Action item: A faithful copy of the entries is needed, one that leaves out the pictures.

Materials provided:
=====
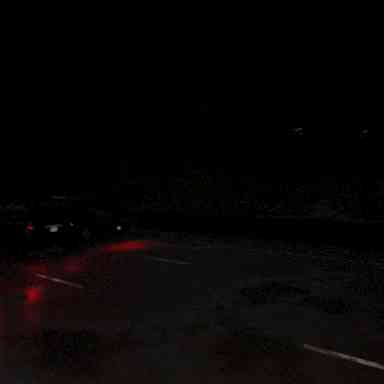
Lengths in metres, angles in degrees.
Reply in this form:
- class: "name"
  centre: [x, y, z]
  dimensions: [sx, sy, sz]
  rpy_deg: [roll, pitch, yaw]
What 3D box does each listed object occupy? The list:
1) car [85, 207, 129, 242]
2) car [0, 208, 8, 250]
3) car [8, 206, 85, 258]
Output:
- class: "car"
  centre: [-5.281, 1.454, 16.289]
  dimensions: [5.008, 1.535, 1.882]
  rpy_deg: [0, 0, 36]
- class: "car"
  centre: [-7.767, 1.207, 9.452]
  dimensions: [5.566, 2.045, 2.150]
  rpy_deg: [1, 0, 36]
- class: "car"
  centre: [-6.551, 1.331, 12.891]
  dimensions: [4.553, 1.767, 2.097]
  rpy_deg: [0, 0, 36]
=====
Exercise output:
Lengths in metres, angles in degrees.
Reply in this form:
- class: "name"
  centre: [x, y, z]
  dimensions: [sx, sy, sz]
  rpy_deg: [roll, pitch, yaw]
What 3D box does each listed object occupy? The list:
1) car [85, 207, 129, 242]
2) car [0, 208, 8, 250]
3) car [8, 206, 85, 258]
Output:
- class: "car"
  centre: [-5.281, 1.454, 16.289]
  dimensions: [5.008, 1.535, 1.882]
  rpy_deg: [0, 0, 36]
- class: "car"
  centre: [-7.767, 1.207, 9.452]
  dimensions: [5.566, 2.045, 2.150]
  rpy_deg: [1, 0, 36]
- class: "car"
  centre: [-6.551, 1.331, 12.891]
  dimensions: [4.553, 1.767, 2.097]
  rpy_deg: [0, 0, 36]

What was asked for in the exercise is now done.